== SUPPLIED DATA ==
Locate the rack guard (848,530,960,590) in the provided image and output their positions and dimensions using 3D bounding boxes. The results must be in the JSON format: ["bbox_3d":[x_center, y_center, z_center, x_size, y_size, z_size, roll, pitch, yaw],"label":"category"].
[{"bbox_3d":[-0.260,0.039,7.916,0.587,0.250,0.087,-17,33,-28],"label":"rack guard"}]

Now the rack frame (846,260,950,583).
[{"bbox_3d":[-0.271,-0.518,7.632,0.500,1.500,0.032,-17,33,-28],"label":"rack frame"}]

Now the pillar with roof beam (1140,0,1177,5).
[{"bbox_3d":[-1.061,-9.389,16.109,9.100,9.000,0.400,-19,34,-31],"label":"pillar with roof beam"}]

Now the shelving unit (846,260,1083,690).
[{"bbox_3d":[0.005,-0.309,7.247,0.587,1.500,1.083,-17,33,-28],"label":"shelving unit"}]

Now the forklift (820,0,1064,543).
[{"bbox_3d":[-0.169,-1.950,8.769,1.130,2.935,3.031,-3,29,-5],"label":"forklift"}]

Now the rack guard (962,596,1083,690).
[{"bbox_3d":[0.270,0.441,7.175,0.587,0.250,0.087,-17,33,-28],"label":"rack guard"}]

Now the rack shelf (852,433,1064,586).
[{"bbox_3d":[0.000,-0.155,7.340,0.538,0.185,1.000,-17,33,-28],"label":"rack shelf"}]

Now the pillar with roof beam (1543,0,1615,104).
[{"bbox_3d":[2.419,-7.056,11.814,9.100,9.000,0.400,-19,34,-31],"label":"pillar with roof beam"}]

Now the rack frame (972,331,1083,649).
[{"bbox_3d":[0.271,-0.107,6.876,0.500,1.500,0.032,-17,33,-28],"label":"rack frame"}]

== EXERCISE BRIEF ==
Without dropping a single line, output the records above exactly.

== ANSWER TO THE PROBLEM ==
Locate the rack guard (848,530,960,590) in the provided image and output their positions and dimensions using 3D bounding boxes. The results must be in the JSON format: ["bbox_3d":[x_center, y_center, z_center, x_size, y_size, z_size, roll, pitch, yaw],"label":"category"].
[{"bbox_3d":[-0.260,0.039,7.916,0.587,0.250,0.087,-17,33,-28],"label":"rack guard"}]

Now the rack frame (846,260,950,583).
[{"bbox_3d":[-0.271,-0.518,7.632,0.500,1.500,0.032,-17,33,-28],"label":"rack frame"}]

Now the pillar with roof beam (1140,0,1177,5).
[{"bbox_3d":[-1.061,-9.389,16.109,9.100,9.000,0.400,-19,34,-31],"label":"pillar with roof beam"}]

Now the shelving unit (846,260,1083,690).
[{"bbox_3d":[0.005,-0.309,7.247,0.587,1.500,1.083,-17,33,-28],"label":"shelving unit"}]

Now the forklift (820,0,1064,543).
[{"bbox_3d":[-0.169,-1.950,8.769,1.130,2.935,3.031,-3,29,-5],"label":"forklift"}]

Now the rack guard (962,596,1083,690).
[{"bbox_3d":[0.270,0.441,7.175,0.587,0.250,0.087,-17,33,-28],"label":"rack guard"}]

Now the rack shelf (852,433,1064,586).
[{"bbox_3d":[0.000,-0.155,7.340,0.538,0.185,1.000,-17,33,-28],"label":"rack shelf"}]

Now the pillar with roof beam (1543,0,1615,104).
[{"bbox_3d":[2.419,-7.056,11.814,9.100,9.000,0.400,-19,34,-31],"label":"pillar with roof beam"}]

Now the rack frame (972,331,1083,649).
[{"bbox_3d":[0.271,-0.107,6.876,0.500,1.500,0.032,-17,33,-28],"label":"rack frame"}]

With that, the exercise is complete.